A la lecture du texte, il semble que Louis ne soit pas soldat, mais plutôt resté seul à Reims, sa famille mise à l’abri quelque part.
Il est, comme il le note, « hébergé chez des braves gens » qui poussent la gentillesse jusqu’à réchauffer les draps du lit avant d’aller coucher.
Il faut dire qu’il ne doit pas faire chaud, si on regarde dans l’Almanach Matot-Braine de l’époque, il est écrit que 3 jours avant, la neige tombait en flocons serrés… c’est vraiment l’hiver.
Si l’on consulte les événements rémois des jours précédents, il semble que la tranquillité que décrit Louis ne soit évoquée que pour rassurer la famille…
En effet, le Matot-Braine note chaque jour des canonnades ou des bombardements presque sans répits, des blessés et des morts. La dernière nuit vraiment calme remonte au 23 février 1915. Pas de quoi vivre en toute quiétude !

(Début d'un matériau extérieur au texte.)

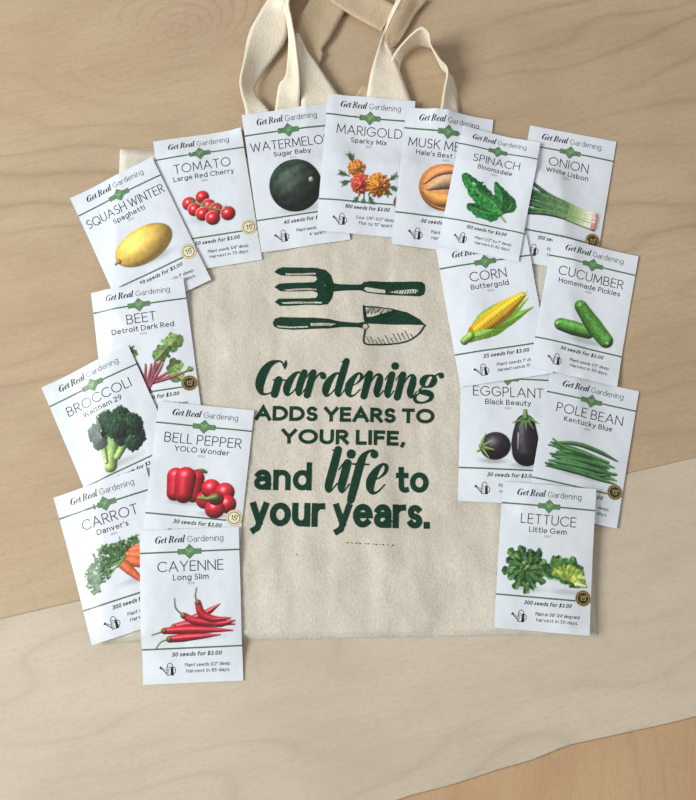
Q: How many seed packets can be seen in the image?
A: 17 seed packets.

Petit clin d’œil au recto de la carte. En dehors du fait que le visuel nous montre les destructions de la cathédrale de Reims, Louis a ajouté une petite phrase assez amusante, qui sera certainement appréciée par nos amis cartophiles :
« Je t’envoie ces deux vues que j’avais depuis longtemps, elles seront rares après la guerre. »
Il est vrai que ne sommes qu’en mars 1915, moins d’un an s’est écoulé depuis le début du conflit, il est encore loin d’imaginer que tout çà durera plus de 4 années ! Et des cartes… il y en aura d’édité, par millions !
Au final, en-dehors de quelques unes, ces cartes postales montrant les ravages de la guerre dans notre ville ne sont pas devenues si rares que semblait le penser Louis.